Crédito direto ao consumidor: como funciona e quando usar

Crédito direto ao consumidor (CDC) financia a compra de um bem com aprovação digital em minutos. Entenda como funciona o CDC, quando usar e como a Eos concede crédito direto.

Ivan Costa9 min de leitura
Cliente conclui a compra de um produto com crédito aprovado na tela, em um ambiente de varejo claro e moderno.

O cliente decidiu comprar, aprovou o orçamento e, na hora de pagar, trava. O valor à vista pesa e o cartão não tem limite para um produto desse porte. É nesse momento que entra o crédito direto ao consumidor, mais conhecido pela sigla CDC. Ele financia a compra do bem em parcelas fixas, com decisão em minutos.

O problema é que muita gente confunde CDC com empréstimo pessoal, cartão e crediário. Este guia separa cada conceito. Você vai entender o que é o CDC, como funciona o fluxo, quando vale a pena usar e onde a Eos entra.

Em resumo

  • Crédito direto ao consumidor (CDC) é a modalidade em que o crédito financia diretamente a compra de um bem ou serviço, com parcelas fixas e aprovação digital em minutos.
  • Difere do empréstimo pessoal porque está vinculado à compra, e do cartão porque não depende de limite rotativo.
  • O crediário, modalidade próxima ao CDC no varejo, cresceu 14,6% no primeiro trimestre de 2026, com ticket médio de R$ 1.543 (Agita Brasil, 2026).
  • A Eos concede o crédito diretamente, com originação apoiada em Open Finance, para solar, celulares, carregadores e baterias.

É integrador, lojista ou instalador? Comece a oferecer crédito direto no fechamento, com aprovação em minutos.

O que é crédito direto ao consumidor (CDC)?

Crédito direto ao consumidor é a modalidade de crédito que financia diretamente a compra de um bem ou serviço, em parcelas fixas e com contratação digital. O crédito fica preso à compra, não a um limite de cartão. Em 2026, o crediário, modalidade próxima ao CDC no varejo, segue forte: cresceu 14,6% no primeiro trimestre, segundo dados compilados pela Agita Brasil.

Na prática, o CDC tem três marcas. Está vinculado a um bem específico, do sistema solar ao celular. Tem parcelas fixas, definidas no contrato, que o cliente conhece desde o início. E hoje a contratação é digital, sem fila de banco nem papelada.

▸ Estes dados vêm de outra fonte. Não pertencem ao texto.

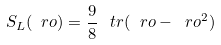Convert formula to latex. <formula><loc_0><loc_0><loc_500><loc_500>S _ { L } ( \ r o ) = \frac { 9 } { 8 } \, \ t r ( \ r o - \ r o ^ { 2 } )</formula> 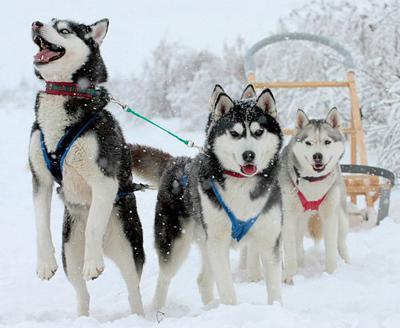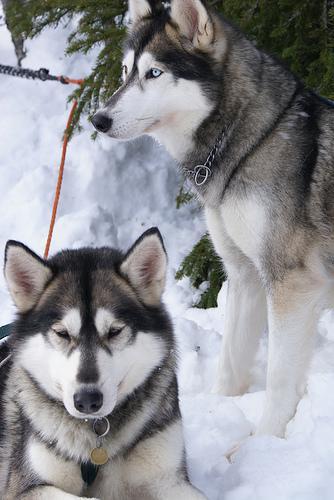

É isso que diferencia o CDC de pegar dinheiro emprestado de forma genérica. Aqui, o crédito existe para viabilizar aquela compra. O valor, o prazo e a parcela nascem do próprio negócio que o cliente quer fechar.

No CDC, o crédito financia a compra do bem com parcelas fixas e contratação digital, em vez de depender de limite rotativo. O crediário, modalidade próxima no varejo, cresceu 14,6% no primeiro trimestre de 2026, sinal de quanto o crédito atrelado à compra ainda move o consumo no Brasil (Agita Brasil, 2026).

Para o modelo B2B desse crédito no balcão, do ponto de vista do parceiro, veja nosso guia sobre crédito no ponto de venda.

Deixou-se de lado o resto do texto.